What is a Compute Shader ?
In its own words, the Compute Shader is a special stage of the pipeline that replaces all the traditional ones (but can still be used with it), allows you to execute arbitrary code using the GPU , read / write data into buffers (including texture ). Moreover, the execution of this code occurs as parallel as the developer sets up.
At the very beginning of the code is the numthreads field, which indicates the number of threads in the group. For now, we will not use group streams and make sure that there is one stream per group. uint3 DTiD.xyz points to the current thread.
The next step is to launch such a shader, it is performed as follows:
In the Dispatch method, we indicate how many groups of threads we should have, and the maximum number of each dimension is limited to 65536 . And if we execute such a code, the shader code on the GPU will be executed once, because we have 1 group of threads, in each group 1 stream. If you put, for example, Dispatch (5, 1, 1) - the shader code on the GPU will be executed five times, 5 groups of streams, 1 stream in each group. If at the same time change also numthreads -> (5, 1, 1) , then the code will be executed 25 times, and in 5 groups of threads, in each group there are 5 threads. More detail can be considered if you look at the picture:
Now, back to the particle system, what do we have? We have a one-dimensional array of 1,000,000 elements and the task is to process the positions of the particles. Since Since particles move independently of each other, this task can be very well parallelized.
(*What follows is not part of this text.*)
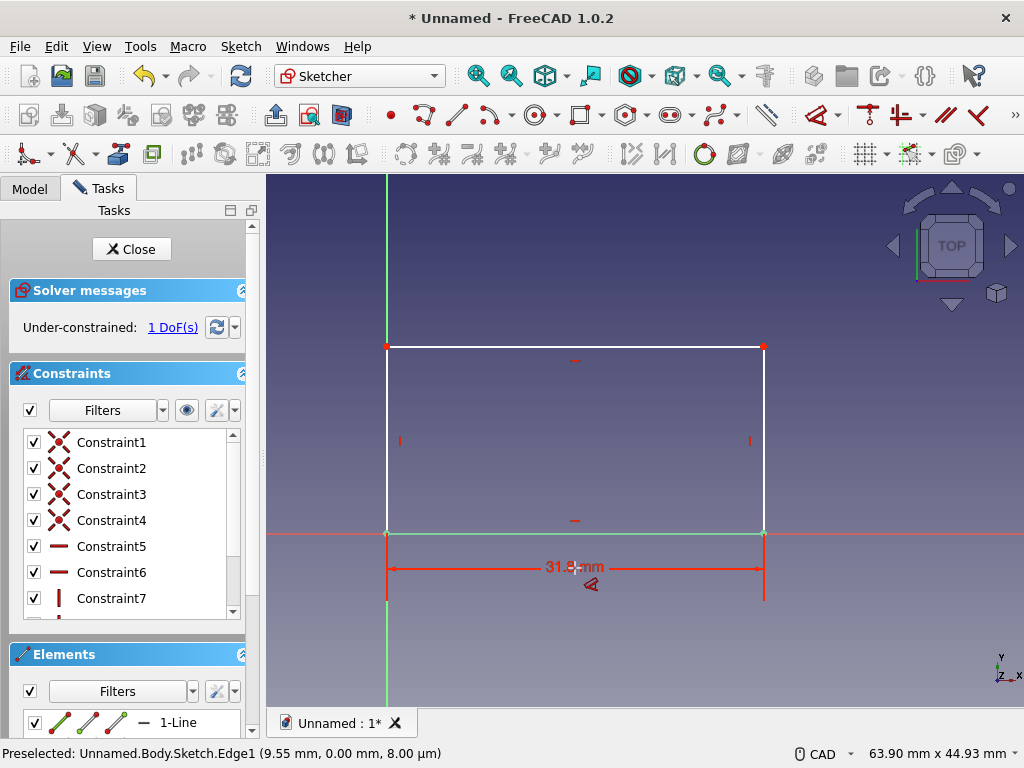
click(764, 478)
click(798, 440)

In DX10 (we use this version of CS , to support DX10 cards) the maximum number of flows per group of flows is 768 , and in all three dimensions. I create 32 * 24 * 1 = 768 threads in total for each group of threads, i.e. our one group is able to process 768 particles (1 stream - 1 particle). Further, it is necessary to calculate how many flow groups one needs (taking into account the fact that one group will process 768 particles) in order to process the N -th number of particles. You can calculate it by the formula:
Another magic happens here, we use our particle buffer as a special resource: RWStructuredBuffer , this means that we can read and write to this buffer. (!) Prerequisite for writing - this buffer must be marked with the UnorderedAccess flag when created .
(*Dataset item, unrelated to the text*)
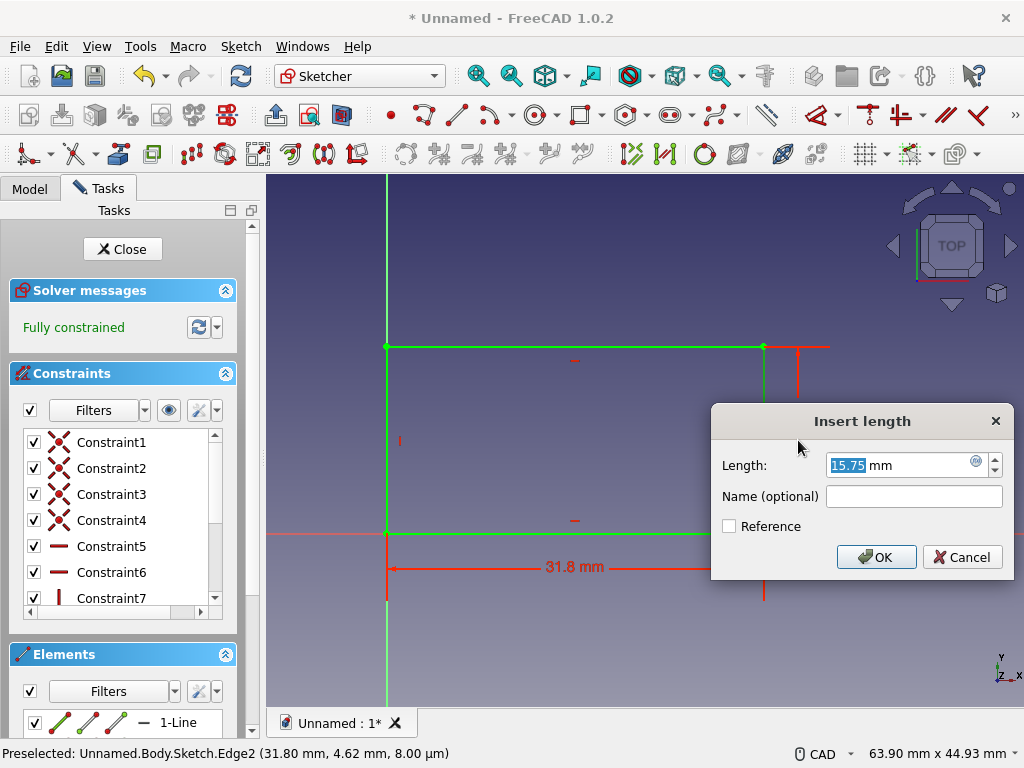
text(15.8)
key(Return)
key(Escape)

Well, the final stage, we set the resource for the shader as UnorderedAccessView to our buffer and call Dispatch :
After completing the execution of the code, it is necessary to remove the UnorderedAccessView from the shader, otherwise we will not be able to use it!
Let's do something with particles, we will write the simplest solver:
If we talk about particles, then nothing prevents you from creating a full-fledged and powerful system of particles: the points are easy enough to sort (to ensure transparency), to apply the soft particles technique when drawing, and also to take into account the lighting of “non-luminous” particles. Computational shaders are mainly used to create the Bokeh Blur effect (we also need geometric ones), to create a Tiled Deferred Renderer , etc. Geometric shaders, for example, can be used when you need to generate a lot of geometry. The most striking example is grass and particles. By the way, the use of GS and CS are endless and limited only by the imagination of the developer.
Conclusion 2
Traditionally, I attach the full source code and demo to the post. PS to run the demo - you need a video card with support for DX10 and Compute Shader.
Conclusion 3
I am very pleased when people show interest in what I write.And the reaction to the article is very important for me, be it in the form of a plus or a minus with a constructive comment.So I can determine which topics are more interesting for the habrasoobshchestvo, and which are not.